Maglana: Growing opposition to Martial Law in Mindanao

ON DECEMBER 13, 2017, Philippine Congress extended until December 31, 2018 Martial Law and the suspension of the privilege of the Writ of Habeas Corpus in Mindanao. This was the second extension of Proclamation 216, which cited lawless activities in Mindanao that prompted the declaration of a state of national emergency in September 2016 under Proclamation 55 and the May 2017 violent acts of the Dawla Islamiyyah/Maute Group and Abu Sayyaf in Marawi City.

That the 17th Congress resoundingly approved a full-year extension of Martial Law in Mindanao was hardly surprising. It is known for being dominated by a “super majority” committed to backing the agenda of President Rodrigo Duterte. Only 27 lawmakers opposed the measure, four from the Senate and 23 from the House of Representatives (HOR).

What merits attention are public reactions to the extension by the fourth quarter of 2017 and a formal petition against the second extension filed with the Supreme Court (SC).

A December 8 to 16, 2017 Social Weather Stations (SWS) survey indicated that 62% of respondents agreed that extension was uncalled for “because the war in Marawi City is over.” Those who disagreed were at 26% and 12% were undecided.

While disagreement with the second extension was highest in Metro Manila (67%), the rest of Luzon, Mindanao, and Visayas were not far behind, where those who opposed the extension beyond December 2017 were at 63%, 62%, and 55%, respectively.

The argument that opposition to Martial Law was politically-motivated because it came from quarters contradicting President Duterte does not hold water. The same survey showed two-thirds (71 percent) of Filipinos were satisfied with Duterte’s performance. These results were even an improvement on the previous quarter’s survey, showing an increase by 5 points in gross satisfaction.

More significantly, the Fourth Quarter 2017 Social Weather Survey results were a big change from the Third Quarter 2017 Survey that probed agreement with the first extension of Proclamation 216.

The Third Quarter Survey, conducted from 23 to 27 September2017, showed that 54% of Filipinos agreed while 30% disagreed with Martial Law’s extension beyond the 60 days set by the Constitution. At that time, net agreement with the extension until end of 2017 was highest in Mindanao (+41 or very strong using SWS categories). There was also more support for the first extension from the ABC class (extremely strong +51) compared to the D class (moderately strong +26). The E class net rating was a neutral +4.

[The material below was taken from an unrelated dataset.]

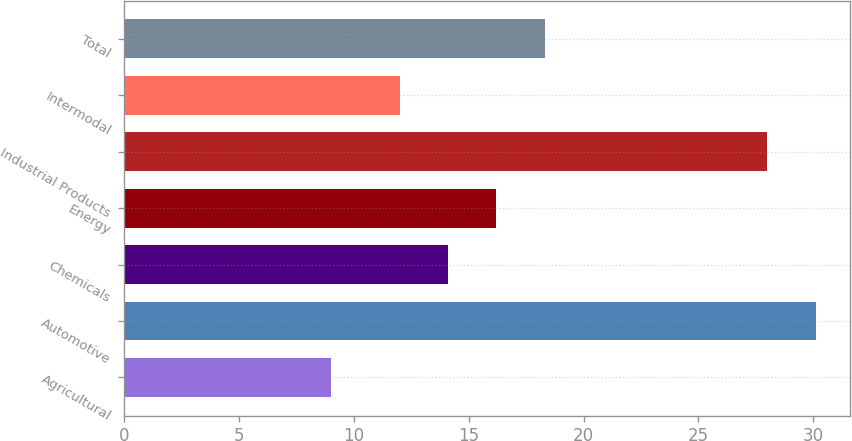Convert chart to OTSL. <chart><loc_0><loc_0><loc_500><loc_500><bar_chart><fcel>Agricultural<fcel>Automotive<fcel>Chemicals<fcel>Energy<fcel>Industrial Products<fcel>Intermodal<fcel>Total<nl><fcel>9<fcel>30.1<fcel>14.1<fcel>16.2<fcel>28<fcel>12<fcel>18.3<nl></chart>

The net agreement score (subtracting % disagree from % agree) of the first extension was at +24 or moderately strong. But net agreement to the lack of need for the second extension was at +36or very strong.

Certain social media influencers have been peddling the message that Duterte “redefined” Martial Law, making it an instrument of order and a weapon against terrorism.

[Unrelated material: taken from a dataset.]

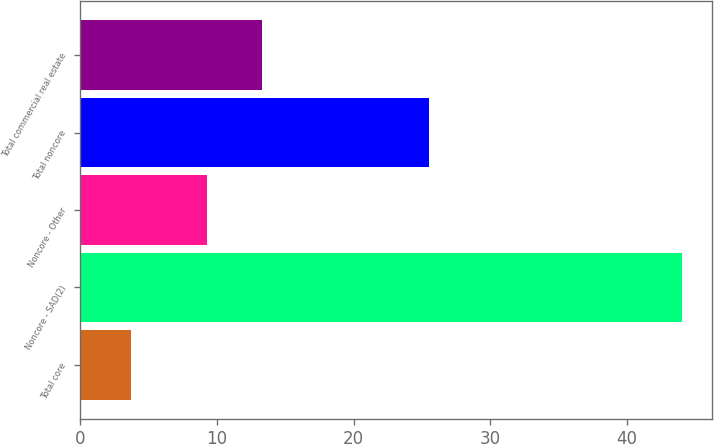<chart> <loc_0><loc_0><loc_500><loc_500><bar_chart><fcel>Total core<fcel>Noncore - SAD(2)<fcel>Noncore - Other<fcel>Total noncore<fcel>Total commercial real estate<nl><fcel>3.75<fcel>44.03<fcel>9.29<fcel>25.5<fcel>13.32<nl></chart>

But more people are seeing through the smoke. Filipinos who are confident that the AFP can subdue the Maute and Abu Sayyaf even without Martial Law increased from 57% in June 2017 to 66% in December 2017.

Interestingly, those who criticize the SWS December 2017 Survey for framing the question on support to extension in relation to the end of the Marawi war seem to have forgotten that it was the original basis for Proclamation 216.

An online campaign enjoining Mindanawons to oppose the post-December extension garnered more pronounced support from different areas and sectors compared to the first months after Martial Law had been declared. Many were from Davao City.

The Makabayan Bloc of legislators and BAYAN leaders filed a petition on January 8, 2018 invoking SC judicial review powers and asking it to nullify Congressional approval of the extension because of questionable sufficiency of factual basis.

Five petitioners are Mindanawons — a Lumad woman, a farmer, a youth leader, and two party-list representatives.

Four of the 23 HOR members who dissented against the second extension are from Mindanao.

In summary, by January 2018 an increasing number of Filipinos have become unconvinced of the validity of continuing Martial Law in Mindanao and its necessity for dealing with terrorism and security problems. More Mindanawons are publicly expressing opposition to it. The poor seems to have a wait-and-see attitude to Martial Law. All these within the first eight months of its declaration. Martial Law in Mindanao is not the unchallenged new normal as some would have us believe.